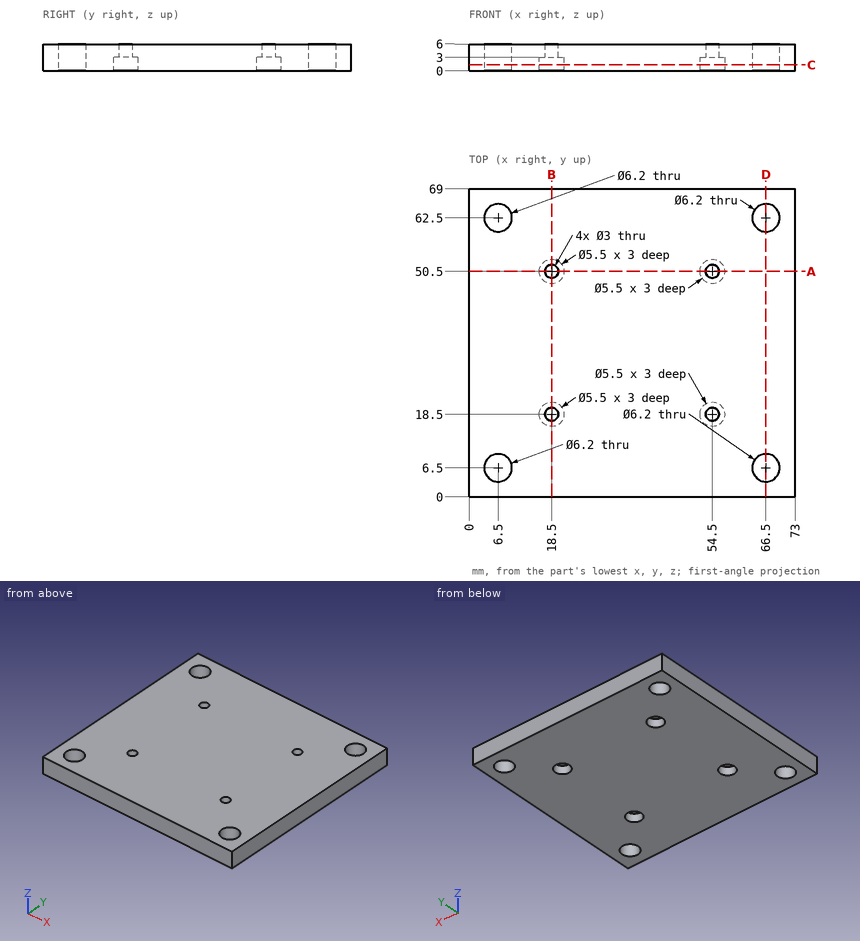
Geometry: see drawing. Coordinates: mm, zero at the bounding-box minimum. Round coordinates to 2 decimals unless told otherwise and drop trailing zeros. Order: outer loops, then holes, each group sorted by start corner. A loop starts at its lowest first (then second) coordinate and runs counter-clockwise, first axis right, second up. Notation, with made-up numbers: (75, 35) -> (111, 35) arc R21 cw to (111, 42) -> close; hole circle Ø3 at (39.25, 30.5). An arc over 180 degrees is marked (long way). Write each question's results on one line, items separated by ' | '.
Q1. Pin query (flat end, axial travel): pin 1 Ø1.6 at (x, y) = (18.5, 51.5) entering from -Z. Return the tip coordinate at first contact, or that it passes through.
Response values:
pin 1: z = 3
Q2. Section query B-B (x = 18.5). Output: boundary loops of the cut face in (y, z).
Response values:
outline: (0, 0) -> (15.75, 0) -> (15.75, 3) -> (17, 3) -> (17, 6) -> (0, 6) -> close; (20, 3) -> (21.25, 3) -> (21.25, 0) -> (47.75, 0) -> (47.75, 3) -> (49, 3) -> (49, 6) -> (20, 6) -> close; (52, 3) -> (53.25, 3) -> (53.25, 0) -> (69, 0) -> (69, 6) -> (52, 6) -> close
Q3. Ray query, line 1 along Y through (x, z) = (18.5, 2.1); line 2 along Y through (x, z) = (6.5, 4.85); line 3 along X through (y, z) = (61, 3.95). Return the intervals inside material, ascending.
Response values:
line 1: 0 to 15.75, 21.25 to 47.75, 53.25 to 69 | line 2: 0 to 3.4, 9.6 to 59.4, 65.6 to 69 | line 3: 0 to 3.79, 9.21 to 63.79, 69.21 to 73
Q4. Section query C-C (z = 1.3). Count the separate pieces of the cut face and the enclosed holes in it, and give its area (3 significant figures).
Response values:
separate pieces: 1 | enclosed holes: 8 | area: 4,820 mm²
Q5. Section query A-A (y = 50.5). Output: boundary loops of the cut face in (x, z), and give its area (3 significant figures).
Response values:
outline: (0, 0) -> (15.75, 0) -> (15.75, 3) -> (17, 3) -> (17, 6) -> (0, 6) -> close; (20, 3) -> (21.25, 3) -> (21.25, 0) -> (51.75, 0) -> (51.75, 3) -> (53, 3) -> (53, 6) -> (20, 6) -> close; (56, 3) -> (57.25, 3) -> (57.25, 0) -> (73, 0) -> (73, 6) -> (56, 6) -> close | area: 387 mm²
Q6. Section query D-D (x = 66.5). Output: boundary loops of the cut face in (y, z).
Response values:
outline: (0, 0) -> (3.4, 0) -> (3.4, 6) -> (0, 6) -> close; (9.6, 0) -> (59.4, 0) -> (59.4, 6) -> (9.6, 6) -> close; (65.6, 0) -> (69, 0) -> (69, 6) -> (65.6, 6) -> close
```python
from build123d import *

# Parameters (mm, degrees)
F0_R     = 11
F0_R_2   = 5.5
F1_DEPTH = 1
F0_R_3   = 4.75
F0_R_4   = 4.5
F2_DEPTH = 1.4
F3_DEPTH = 5
F4_DEPTH = 1


with BuildPart() as f1:
    # F0 (on Top) → F1 (new body)
    with BuildSketch(Plane.XY):
        Circle(F0_R)
        Circle(F0_R_2, mode=Mode.SUBTRACT)
    extrude(amount=F1_DEPTH)

    # F0 (on Top) → F2 (join)
    with BuildSketch(Plane.XY):
        Circle(F0_R_2)
        Circle(F0_R_3, mode=Mode.SUBTRACT)
        Circle(F0_R_3)
        Circle(F0_R_4, mode=Mode.SUBTRACT)
    extrude(amount=F2_DEPTH)

    # F0 (on Top) → F3 (join)
    with BuildSketch(Plane.XY):
        Circle(F0_R_3)
        Circle(F0_R_4, mode=Mode.SUBTRACT)
    extrude(amount=F3_DEPTH)

    # F0 (on Top) → F4 (join)
    with BuildSketch(Plane.XY):
        Circle(F0_R_4)
    extrude(amount=F4_DEPTH)


solid = f1.part
```
Here's how the part is built. I have some questions about the finished solid (model axes, mm). A direction names the side the tool comes from. Coordinates: 2 decimals unless noted, no trailing zeros. Write each loop counter-clockwise with the first axis right and the second up, starting at its lowest first coordinate (ties: lowest second). Pieces come first, ordered by that corner, then holes. Notation, with made-up numbers: M 83,-8 L 128,-8 A20 ccw 128,28 Z; hole C 67,56.5 d4. An arc over 180 degrees is marked long. Answer as CSV lines item,"result". Start each with the question number.
Q1. Suppose I cut it at A-A, the plane x = 0. List the corners of the cut face in (y, z) for me.
Q2. For faces 1 (the flat face through (0, 0, 1)), 2 (the cylindrical face through (-2.38, -10.74, 0.49)), which set-ups out of +Z, -Z, +X, -X, +Y, -Y let a thin tool reach every point of the face, with its end or its side?
Q3. Suppose I cut it at C-C, the plane z = 2.8. List the corners of the cut face in (x, y) for me, then the cut area to 3 significant figures.
Q4. If we mould it in two halves opening along X, with no side actions, what happens to faces 3 (the cylindrical face through (-0.59, 4.46, 2.97)), 4 (the cylindrical face through (2.192, -4.214, 3.175)), 5 (the flat face through (0, 0, 0))? For each: pulls with the +X half, pulls with the -X half, needs draft (parallel to the pull), parting line crosses it, or undercut.
Q5. Suppose I cut it at D-D, the plane z = 0.6. List the corners of the cut face in (x, y) for me.
Q6. I need wall thicknesses on probe 1 along Y at (x, z) = (0, 3.15); probe 2 along Z at (x, y) = (-7, 4); probe 3 along Y at (x, z) = (-1, 3.6). Which ranges of each line are inside material? Lowest first, please. Write a range as [from, to].
Q7. Will these pins go through, and if not, where does the flat tip stop? pin 1 Ø1.5 at (y, z) = (3, 0.5) entering from -X; pin 2 Ø1 at (x, y) = (-8, 6) entering from +Z.
Entries:
1,outline,"M -11,0 L 11,0 L 11,1 L 5.5,1 L 5.5,1.4 L 4.75,1.4 L 4.75,5 L 4.5,5 L 4.5,1 L -4.5,1 L -4.5,5 L -4.75,5 L -4.75,1.4 L -5.5,1.4 L -5.5,1 L -11,1 Z"
2,face 1,"+Z"
2,face 2,"+Z, -Z"
3,outline,"C 0,0 d9.5; hole C 0,0 d9"
3,area,"7.26 mm²"
4,face 3,"undercut"
4,face 4,"parting line crosses it"
4,face 5,"needs draft"
5,outline,"C 0,0 d22"
6,probe 1,"y = [-4.75, -4.5], [4.5, 4.75]"
6,probe 2,"z = [0, 1]"
6,probe 3,"y = [-4.64, -4.39], [4.39, 4.64]"
7,pin 1,"stops at x = -10.77"
7,pin 2,"stops at z = 1"
Read the model definition and answer for the solid it produces. Units are mm, in the model's axes. A direction names the side the tool comes from. Give positions to 0.01 mm unless a question says otherwise; leave off trailing zeros. Write each loop counter-clockwise with the first axis right and the second up, starting at its lowest first coordinate (ties: lowest second). Pieces come first, ordered by that corner, then holes.
```python
from build123d import *

# Parameters (mm, degrees)
F0_W     = 37.973
F0_H     = 63.5
F0_W_2   = 31.7246
F0_H_2   = 57.15
F1_DEPTH = 152.4
F2_W     = 37.973
F2_H     = 63.5
F3_DEPTH = 6.35
F5_SIZE  = 2.54


with BuildPart() as f1:
    # F0 (on Front) → F1 (new body)
    with BuildSketch(Plane.XZ):
        Rectangle(F0_W, F0_H)
        Rectangle(F0_W_2, F0_H_2, mode=Mode.SUBTRACT)
    extrude(amount=F1_DEPTH)

    # F2 (on face) → F3 (join)
    with BuildSketch(Plane.XZ.offset(152.4)):
        Rectangle(F2_W, F2_H)
    extrude(amount=-F3_DEPTH)

    # F5
    f5_edges = [f1.edges().sort_by_distance(p)[0] for p in [
        (18.9865, -76.2, 31.75),
        (-18.9865, -76.2, 31.75),
        (18.9865, -76.2, -31.75),
        (-18.9865, -76.2, -31.75),
    ]]
    chamfer(f5_edges, length=F5_SIZE)


solid = f1.part
```
Item 1: Find the intervals of material crossed by line 1 along X through (y, z) = (-54, -21.5); line 2 along Z through (x, y) = (-10.5, -95) (3 decimals); line 3 along Y through (x, z) = (-5, -16.5), in increasing order.
Result set:
line 1: x = -18.99 to -15.86, 15.86 to 18.99
line 2: z = -31.75 to -28.575, 28.575 to 31.75
line 3: y = -152.4 to -146.05
Item 2: Determine the mould class of faces 3 (the flat face through (0, -75, 31.75)), 4 (the flat face through (0, -146.05, 0)), 5 (the flat face through (0, -152.4, 0)) for opening direction Z: pulls with the +Z half, pulls with the -Z half, needs draft (parallel to the pull), parting line crosses it, or undercut.
Result set:
face 3: pulls with the +Z half
face 4: undercut
face 5: needs draft
Item 3: This flat-tipped pin is pushed along its axis until it touches: pin 1 Ø2 at (x, z) = (2, 16) entering from +Y. Where does it stop, or does it pass through?
Result set:
pin 1: stops at y = -146.05
Item 4: Which of the six approach directions +Z, -Z, +X, -X, +Y, -Y give full straight-line access (tool end or side, diameter ignored) to faces 1 (the flat face through (0, -75, -31.75)), 2 (the flat face through (15.862, -72, 0))?
Result set:
face 1: -Z, +X, -X, +Y, -Y
face 2: +Y
Item 5: Section A-A (x = -11) is taken. Write down the section's boundary in (y, z) (3 decimals), and give its area (3 significant figures).
Result set:
outline: (-152.4, -31.75) - (0, -31.75) - (0, -28.575) - (-146.05, -28.575) - (-146.05, 28.575) - (0, 28.575) - (0, 31.75) - (-152.4, 31.75) - close
area: 1,330 mm2
Item 6: Section C-C (z = -22) is taken. Write down the section's boundary in (x, y).
Result set:
outline: (-18.99, -152.4) - (18.99, -152.4) - (18.99, 0) - (15.86, 0) - (15.86, -146.05) - (-15.86, -146.05) - (-15.86, 0) - (-18.99, 0) - close

________________________

> **AIM OF THE TASK**
Find each line in the listing above that contains "SUBTRACT", and copy that line.

> **EXERCISE OUTPUT**
        Circle(F0_R_2, mode=Mode.SUBTRACT)
        Circle(F0_R_3, mode=Mode.SUBTRACT)
        Circle(F0_R_4, mode=Mode.SUBTRACT)
        Circle(F0_R_4, mode=Mode.SUBTRACT)
        Rectangle(F0_W_2, F0_H_2, mode=Mode.SUBTRACT)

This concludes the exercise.